Saturday, September 10, 2011

Ten Years

Writing down thoughts about the ten-year anniversary of 9/11 is truly a "where do I begin?" process. Most years as the anniversary has rolled around I've paid a lot closer attention to the event, read all the op-eds, engaged in all the latest discussions about the rebuilding, etc. But this is the first year that I haven't lived in NYC during the anniversary and, as a high school teacher just beginning a new semester, I've been utterly swamped with other stuff. But the magnitude of 9/11 is such that you can never not put it away. It has gotten a fair amount of attention here, and I was even the subject of a front-page article about it in The Wichita Eagle yesterday.

When I think about the morning of 9/11, I always think about being on the rooftop of my building on Stanton Street, on the Lower East Side of Manhattan. I lived in 11 Stanton, which was identical to and shared a rooftop with 9 Stanton. Thus, I was on the rooftop of 9-11 Stanton Street the morning of 9/11. In those days my living situation was a rotating cast of photographer-friend roommates. I had been roommates with Patrick Witty, then Craig Allen joined us, then Patrick left the nest to go live next door at 9 Stanton. Needless to say we all ended up on the rooftop that morning.

As I arrived on the rooftop I quickly fired off two frames of the burning north tower, then headed for the highest vantage point that I knew of (a chimney). I figure by the time I got to the top of that chimney, turned around and got my third, fourth and fifth frames, I had only been on the roof maybe 90 seconds. Probably less. And then, seemingly out of nowhere, the south tower erupted into a huge fireball.

My eye was already looking through the viewfinder, so my split-second reaction was to press the AF button with my thumb, then hammer away some frames with the 5fps motor drive, something I rarely, rarely did as a non-sports photographer.

Later on I would discover that the second plane's approach was captured by my Canon EOS-1n, in my 1st and 2nd frames, as a speck in the far-off distance:

The next 20 minutes was pretty much a blur for me, and it wasn't until I got to Duane or Reade Streets, just a few blocks north of the towers, before I really started taking any more pictures. My whole thought process at this point was "Are they going to be able to fix those towers?" Pretty soon cops were forcing people to move uptown. So I sort of acquiesced, moving parallel to the police lines until I decided to just get onto the Brooklyn Bridge for a picture.

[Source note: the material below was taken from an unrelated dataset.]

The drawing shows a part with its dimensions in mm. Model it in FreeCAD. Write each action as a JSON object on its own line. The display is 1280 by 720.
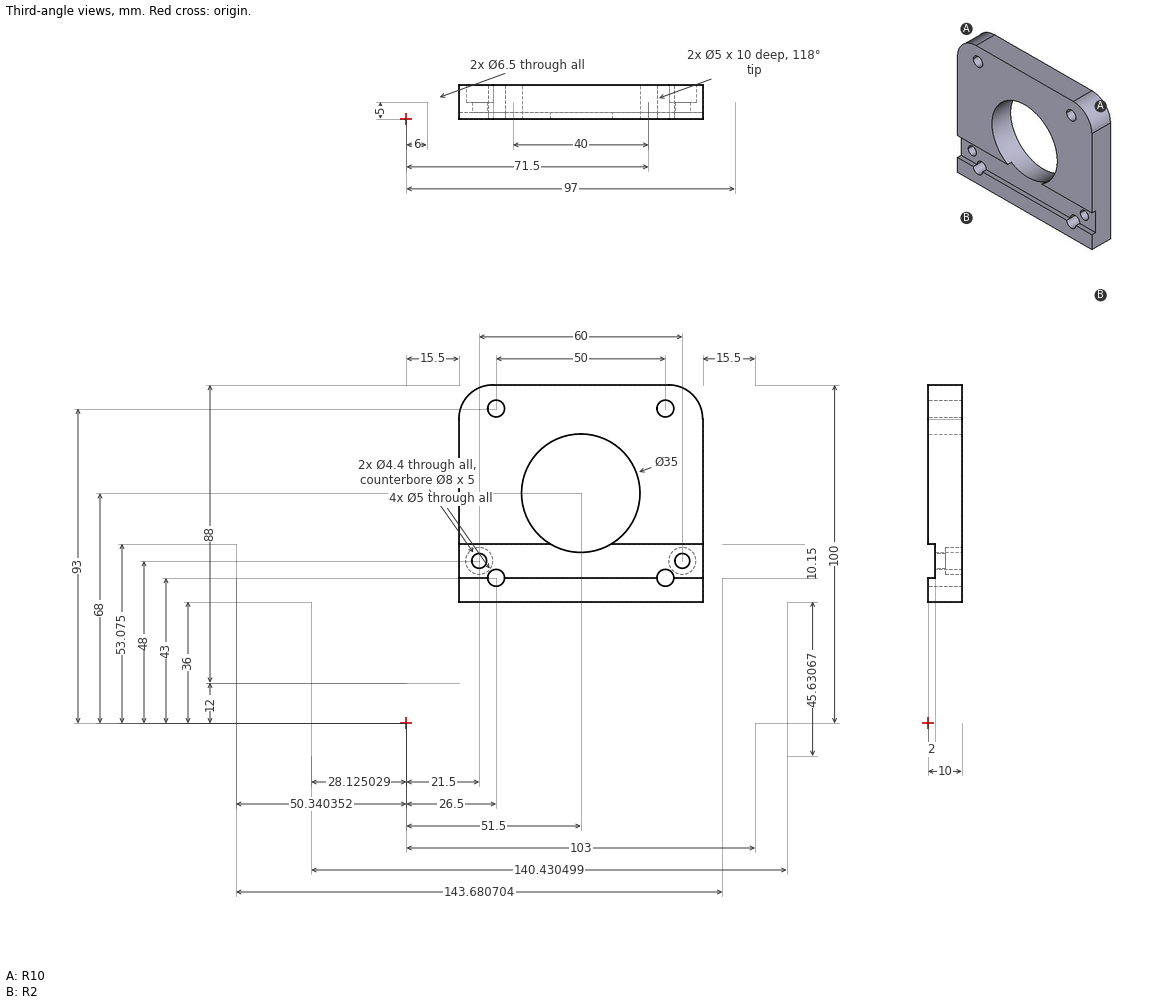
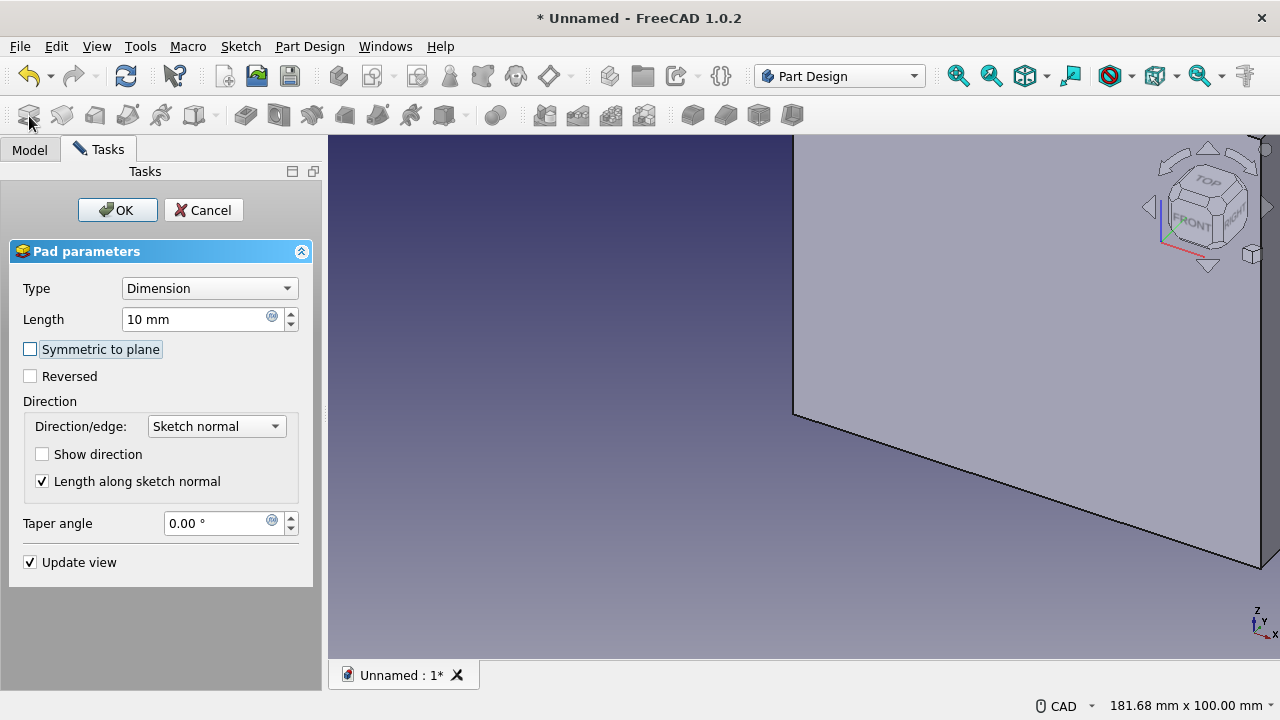
{"action": "left_click", "coordinate": [31, 376]}

Office buildings had all emptied out and so the streets were filled with people. I remember having the distinct feeling that it all felt like a fire drill, except that the fire was real. Still, it felt under control. Even though I remember hearing people say "Look, there's another person" (referring to people jumping from the towers), my biggest preoccupation was the structures of the towers themselves.

Eventually I got to the Brooklyn Bridge, thinking that it would be a good perspective from which to take a "scenic" shot of the burning towers. It was slow moving at that point, as every worker in the entire Financial District, it seemed, was making their way over the bridge. I remember looking at my cell phone and noticing that somebody from my old paper had called (The Monroe Evening News in Monroe, Michigan), but also that my battery was getting low. I may have tried to make a call but I quickly realized it was futile. The cell networks were jammed.

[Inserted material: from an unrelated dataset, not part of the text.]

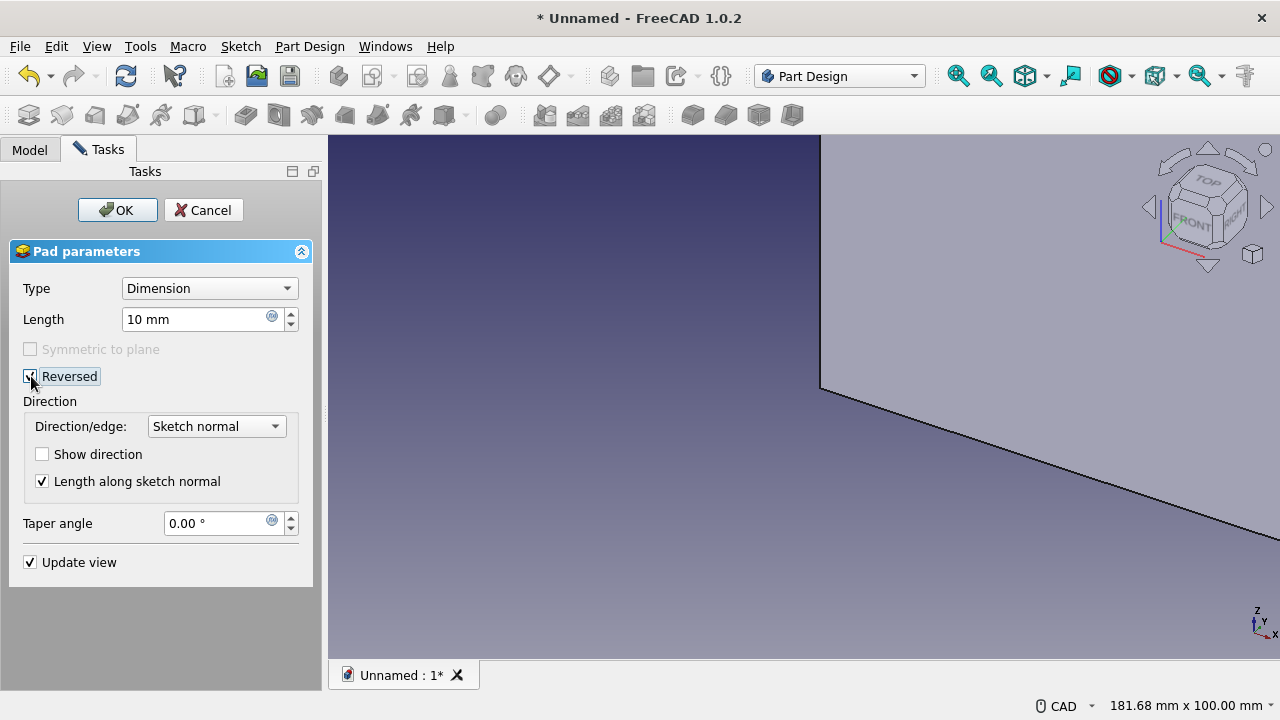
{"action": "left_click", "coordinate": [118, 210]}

I hadn't even gotten to the first tower of the Brooklyn Bridge when I heard everybody begin screaming. I turned around and to my horror saw the south tower collapsing. This is the one time during that day where I was overtaken by my emotions. I remember sort of spinning in place, crying and shouting expletives, half wanting to shoot the collapse, and half wanting to run in the opposite direction. I had my 20mm on my camera, so I got a really wide shot of the skyline, and then another quick shot of the people next to me screaming. There were F16s overhead, and I distinctly remember somebody yelling "We gotta get get off this bridge, this bridge could be next!"

After deciding that I didn't want to be stuck in Brooklyn all day with a near-dead cellphone, I decided to turn back against the flow of evacuees and force my way back into Manhattan. Thankfully I hadn't gotten very far across the bridge. It wasn't long before a dust cloud enveloped the whole area. I remember jumping a barricade as a shortcut and nearly getting hit by a speeding undercover patrol car. These were among the last pictures I shot that day. In one, there is one man in particular who I can totally empathize with, it's the guy in the tan pants and the grey short-sleeved shirt (below). He is in a total daze, and I felt I must've had that same exact look many times that day.

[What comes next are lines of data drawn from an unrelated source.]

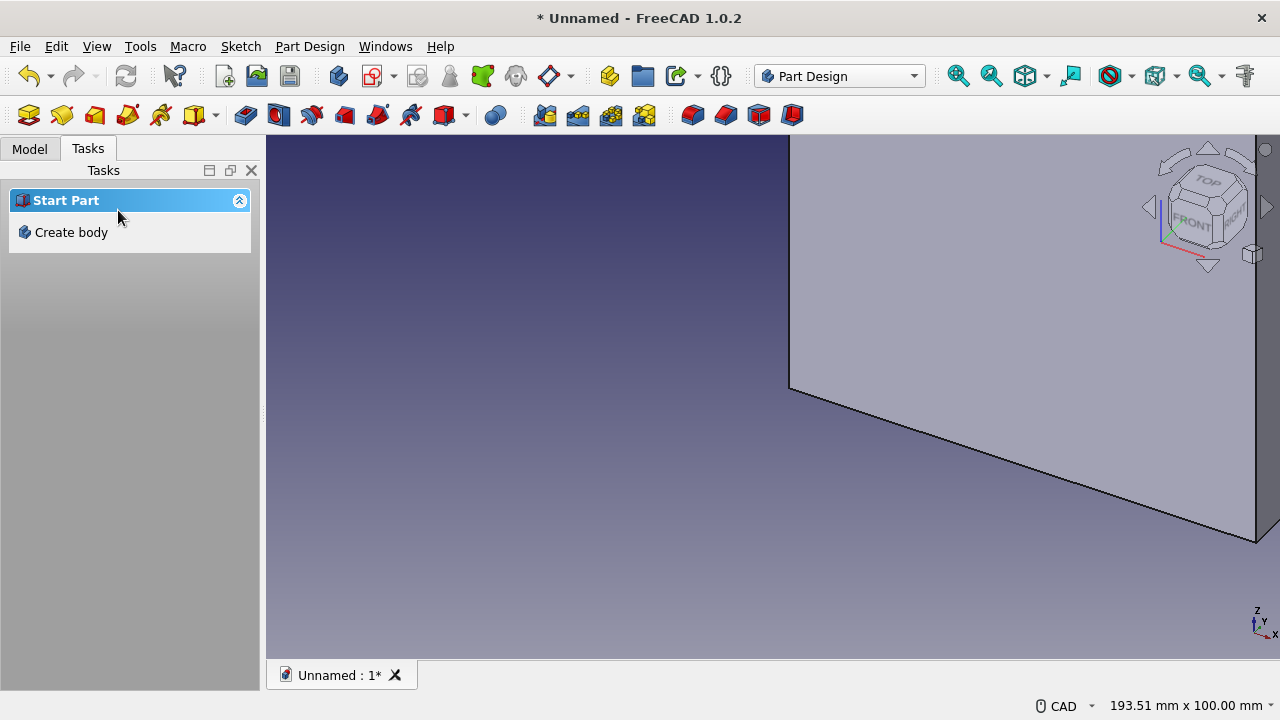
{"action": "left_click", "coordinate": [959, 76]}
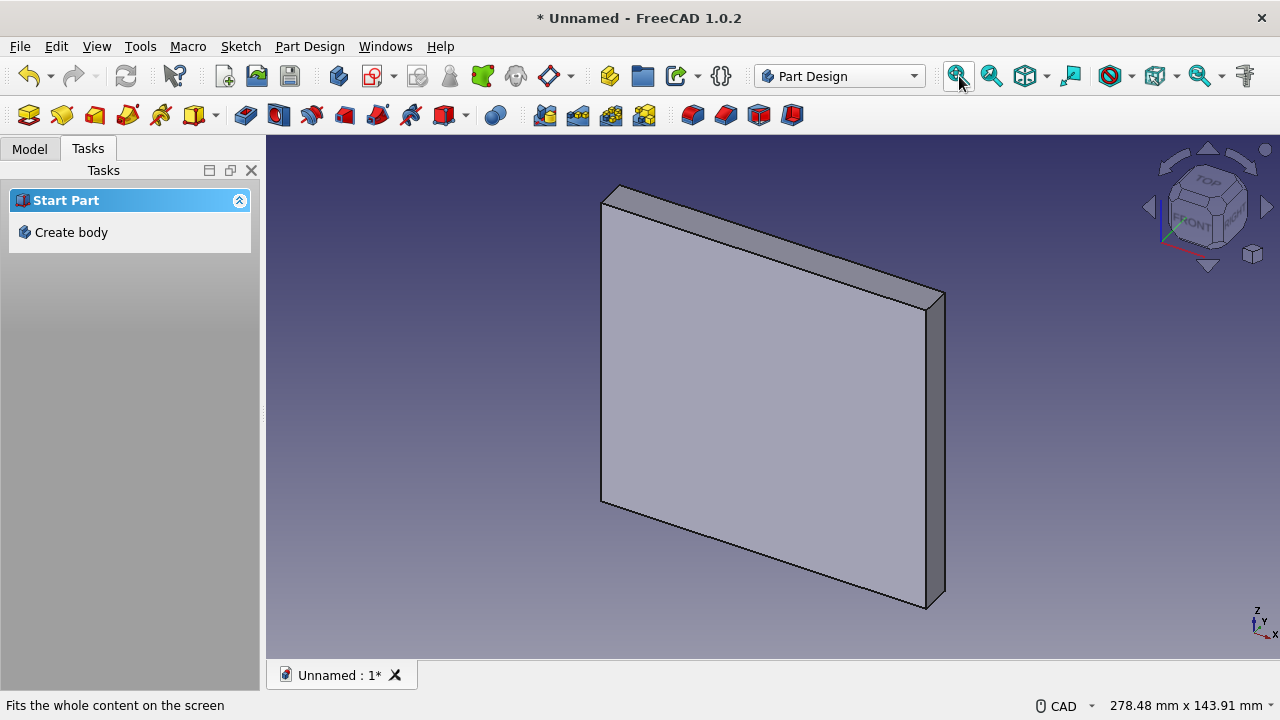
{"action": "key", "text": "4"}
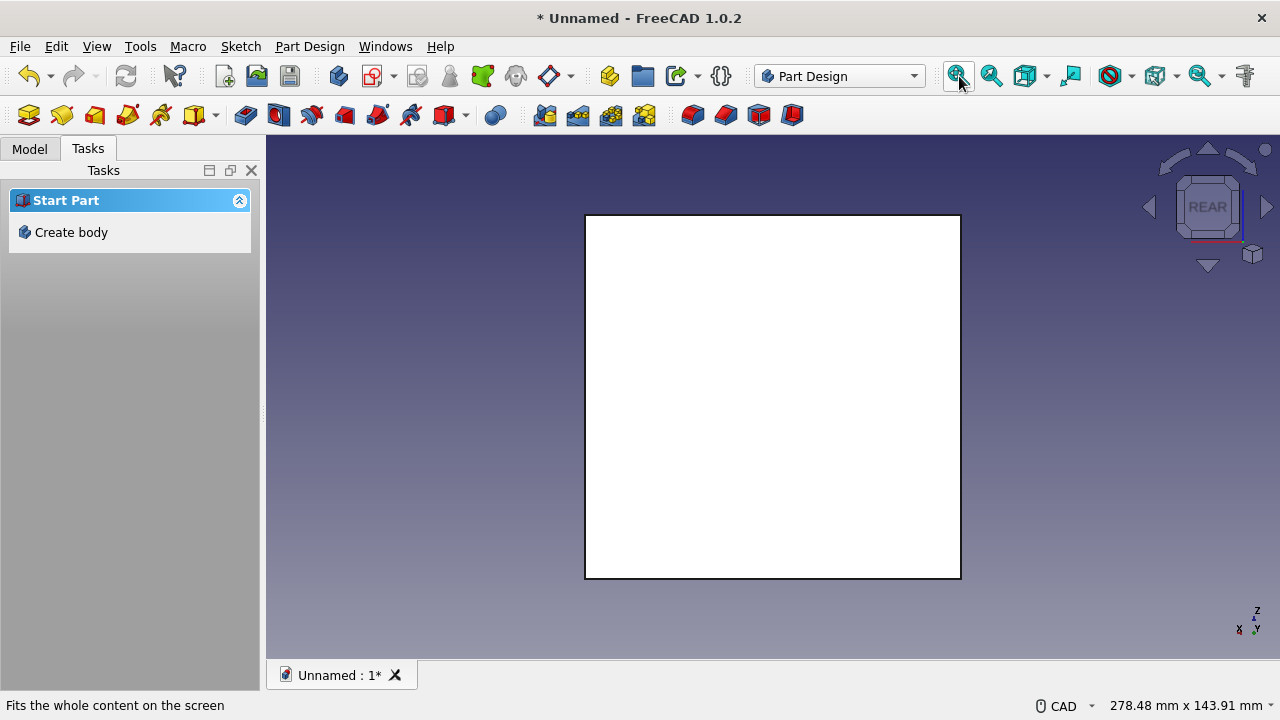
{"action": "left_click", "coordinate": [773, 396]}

In fact, I know I did. You'd think during the most terrifying day in New York City history you'd remember all the details. But I walked for blocks and blocks and I don't remember any of it. Except for these odd little patches of it. I remember being in Chinatown and thinking it was incredible that businesses could remain open, like it was a normal day. What was the point of a store that sold trinkets to tourists? My only other memory is walking up the west side of Bowery and hearing more screams. My first thought was that the Empire State Building had been hit. So I ran across to the other side of the street so I could look uptown and see the ESB. I could see it was fine, but that's when I realized people were screaming because the north tower had collapsed.

From there it was just 10 more minutes to my apartment. I went back up to the roof, where my neighbors were still watching. I remember only a few of their names: Karl Torbey (sp?), Sarah Archambault, Bruce Bingham (sp?) Gavin Creel.

The rest of the day had more focus. I remember getting my film developed, reuniting with my roommates, running up to Union Square and sitting in Marcel Saba's office, then over to Adorama, finally getting through to my dad on the phone, answering emails, etc. I remember people turning up their car radios so all passersby could listen to the updates. I remember people lining up six, seven, eight deep to wait their turn at pay phones. I remember talking to a couple of European tourists who had been completely oblivious to the whole event. But nowhere was TV in my 9/11 experience until later, maybe 1PM-ish. In fact, I can't express this enough. The vast majority of all Americans witnessed 9/11 through a television and were thus informed in an up-to-the-minute manner. But I experienced it entirely through my own eyes and ears, in fits and starts, piecing it together one bit at time.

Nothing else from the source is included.